Nos termos do artigo 932, inciso III, do Código de Processo Civil, compete ao Relator, por decisão unipessoal, não conhecer de recurso manifestamente inadmissível, prejudicado ou incabível. Essa atribuição também encontra respaldo no artigo 91, inciso VI, do Regimento Interno deste Tribunal de Justiça.

No caso concreto, observa-se que a decisão agravada apenas determinou a emenda da petição inicial, com base no artigo 321 do CPC, exigindo a juntada de documentos necessários à aferição da competência territorial e à análise de eventual litigância predatória.

Trata-se de decisão de natureza eminentemente instrumental, sem conteúdo decisório autônomo, e, por essa razão, insuscetível de impugnação por meio de agravo de instrumento. O artigo 1.015 do CPC, ao enumerar as hipóteses de cabimento desse recurso, adotou critério taxativo, do qual não consta a hipótese ora discutida.

O Superior Tribunal de Justiça, no julgamento do REsp 1.987.884/MA, de relatoria da Ministra Nancy Andrighi, reafirmou que a decisão que impõe a emenda da inicial não é passível de impugnação imediata, devendo eventual irresignação ser veiculada em sede de apelação, nos termos do artigo 331 do CPC.

A propósito, confira-se o julgado:

“RECURSO ESPECIAL. PROCESSUAL CIVIL. DECISÃO QUE DETERMINA A EMENDA OU COMPLEMENTAÇÃO DA PETIÇÃO INICIAL. NATUREZA JURÍDICA. DECISÃO INTERLOCUTÓRIA. AGRAVO DE INSTRUMENTO. NÃO CABIMENTO. 1. Recurso especial interposto em 19/1/2022 e concluso ao gabinete em 7/4/2022. 2. O propósito recursal consiste em dizer se é recorrível, de imediato e por meio de agravo de instrumento, a decisão que determina, sob pena de extinção do processo, a emenda ou a complementação da petição inicial. 3. A Corte Especial do STJ, por ocasião do julgamento dos recursos especiais nº 1.696.396/MT e 1.704.520/MT, submetidos ao rito dos repetitivos, fixou o entendimento de que o rol previsto no art. 1.015 do CPC/2015 seria de taxatividade mitigada, admitindo-se a interposição de agravo de instrumento quando verificada a urgência decorrente da inutilidade do julgamento da questão no recurso de apelação. 4. O pronunciamento judicial que determina a emenda ou a complementação da petição inicial enquadre-se no conceito de decisão interlocutória. 5. Sob a égide do CPC/2015, a decisão que determina, sob pena de extinção do processo, a emenda ou a complementação da petição inicial não é recorrível por meio do recurso de agravo de instrumento, motivo pelo qual eventual impugnação deve ocorrer em preliminar de apelação, na forma do art. 331 do referido Diploma. 6. Recurso especial não provido”. (STJ - REsp: 1987884 MA 2022/0056424-2, Data de Julgamento: 21/06/2022, T3 - TERCEIRA TURMA, Data de Publicação: DJe 23/06/2022).”

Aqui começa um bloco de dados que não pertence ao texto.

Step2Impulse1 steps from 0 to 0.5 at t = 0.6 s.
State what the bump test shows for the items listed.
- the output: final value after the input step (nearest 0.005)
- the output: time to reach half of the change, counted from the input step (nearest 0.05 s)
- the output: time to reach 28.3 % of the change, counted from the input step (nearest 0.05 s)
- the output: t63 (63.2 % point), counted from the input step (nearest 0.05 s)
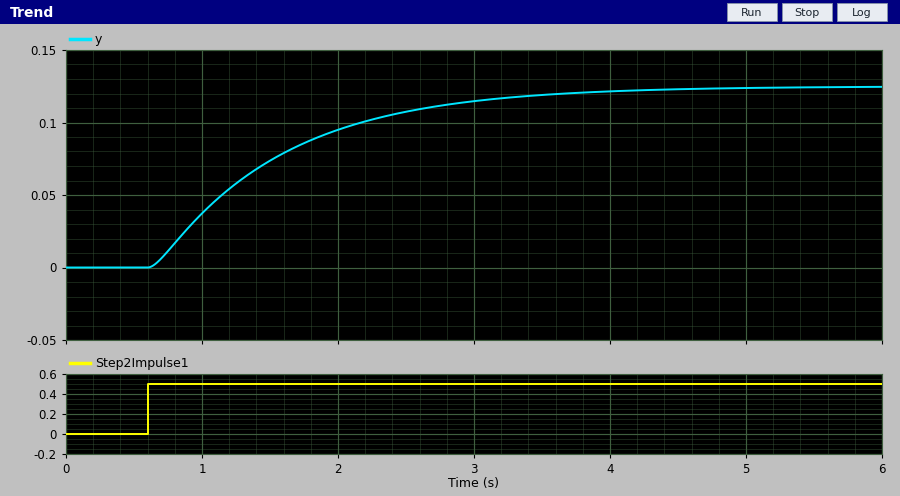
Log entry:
0.125
0.70 s
0.40 s
1.00 s
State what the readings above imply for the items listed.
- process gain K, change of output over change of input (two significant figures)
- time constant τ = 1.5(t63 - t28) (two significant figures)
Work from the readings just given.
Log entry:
0.25
0.90 s

Ademais, a aplicação da teoria da taxatividade mitigada, prevista no Tema 988 do STJ, exige a demonstração de urgência qualificada, o que não se verifica na hipótese dos autos. A decisão recorrida, de natureza ordinatória, não acarreta prejuízo irreversível, podendo ser objeto de impugnação oportuna, caso sobrevenha indeferimento da petição inicial.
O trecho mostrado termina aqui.